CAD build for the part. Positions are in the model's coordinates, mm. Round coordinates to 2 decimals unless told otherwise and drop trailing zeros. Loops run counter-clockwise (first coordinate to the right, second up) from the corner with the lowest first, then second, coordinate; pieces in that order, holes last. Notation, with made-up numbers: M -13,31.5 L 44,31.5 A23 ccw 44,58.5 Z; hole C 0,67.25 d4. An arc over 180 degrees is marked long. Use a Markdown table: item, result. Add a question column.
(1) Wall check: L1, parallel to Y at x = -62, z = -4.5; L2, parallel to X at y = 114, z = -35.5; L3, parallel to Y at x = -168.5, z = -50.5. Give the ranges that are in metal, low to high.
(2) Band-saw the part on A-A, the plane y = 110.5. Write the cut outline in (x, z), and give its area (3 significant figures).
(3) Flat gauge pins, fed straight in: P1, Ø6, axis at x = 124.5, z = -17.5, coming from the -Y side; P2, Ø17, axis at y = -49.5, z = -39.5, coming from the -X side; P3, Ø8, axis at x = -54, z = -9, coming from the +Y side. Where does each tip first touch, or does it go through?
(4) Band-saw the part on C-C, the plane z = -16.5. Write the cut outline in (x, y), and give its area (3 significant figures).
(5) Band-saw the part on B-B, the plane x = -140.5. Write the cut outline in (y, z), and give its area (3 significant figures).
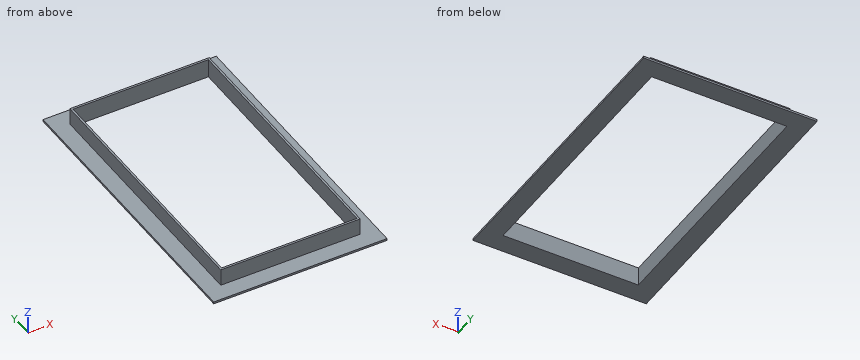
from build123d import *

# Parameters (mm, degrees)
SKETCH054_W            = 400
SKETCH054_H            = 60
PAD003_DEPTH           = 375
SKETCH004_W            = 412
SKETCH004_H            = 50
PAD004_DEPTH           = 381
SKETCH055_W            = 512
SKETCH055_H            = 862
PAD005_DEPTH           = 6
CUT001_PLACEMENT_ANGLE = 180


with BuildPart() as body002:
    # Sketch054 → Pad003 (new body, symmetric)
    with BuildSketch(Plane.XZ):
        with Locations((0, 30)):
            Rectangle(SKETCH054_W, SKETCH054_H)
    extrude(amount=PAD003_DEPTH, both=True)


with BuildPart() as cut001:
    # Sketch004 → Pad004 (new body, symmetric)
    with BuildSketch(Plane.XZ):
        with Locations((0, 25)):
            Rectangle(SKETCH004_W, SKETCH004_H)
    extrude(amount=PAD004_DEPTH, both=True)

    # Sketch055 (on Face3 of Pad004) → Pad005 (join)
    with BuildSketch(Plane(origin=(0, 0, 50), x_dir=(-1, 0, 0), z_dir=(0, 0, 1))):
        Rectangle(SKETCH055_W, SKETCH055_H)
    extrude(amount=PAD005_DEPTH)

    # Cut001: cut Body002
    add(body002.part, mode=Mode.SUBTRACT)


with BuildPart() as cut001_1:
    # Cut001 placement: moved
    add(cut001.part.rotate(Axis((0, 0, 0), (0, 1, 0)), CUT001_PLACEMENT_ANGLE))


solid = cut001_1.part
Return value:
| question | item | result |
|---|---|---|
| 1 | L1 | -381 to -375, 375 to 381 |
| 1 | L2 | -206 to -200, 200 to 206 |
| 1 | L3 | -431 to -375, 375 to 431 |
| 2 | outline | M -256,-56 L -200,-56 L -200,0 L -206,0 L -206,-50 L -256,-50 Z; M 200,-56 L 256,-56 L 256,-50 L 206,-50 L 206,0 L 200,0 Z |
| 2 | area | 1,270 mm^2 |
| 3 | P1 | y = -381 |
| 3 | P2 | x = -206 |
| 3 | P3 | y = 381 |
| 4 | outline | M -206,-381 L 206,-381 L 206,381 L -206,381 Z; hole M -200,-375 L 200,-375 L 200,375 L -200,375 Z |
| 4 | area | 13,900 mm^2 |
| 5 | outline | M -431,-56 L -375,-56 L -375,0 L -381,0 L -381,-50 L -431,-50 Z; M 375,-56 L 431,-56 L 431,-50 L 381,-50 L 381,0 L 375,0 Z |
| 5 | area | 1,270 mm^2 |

· · ·

** THE PROBLEM **
Retype nothing except the lines from the line holding "P2 | x = -206 |" through the last line of the entries, both included.

** TASK RESULT **
| 3 | P2 | x = -206 |
| 3 | P3 | y = 381 |
| 4 | outline | M -206,-381 L 206,-381 L 206,381 L -206,381 Z; hole M -200,-375 L 200,-375 L 200,375 L -200,375 Z |
| 4 | area | 13,900 mm^2 |
| 5 | outline | M -431,-56 L -375,-56 L -375,0 L -381,0 L -381,-50 L -431,-50 Z; M 375,-56 L 431,-56 L 431,-50 L 381,-50 L 381,0 L 375,0 Z |
| 5 | area | 1,270 mm^2 |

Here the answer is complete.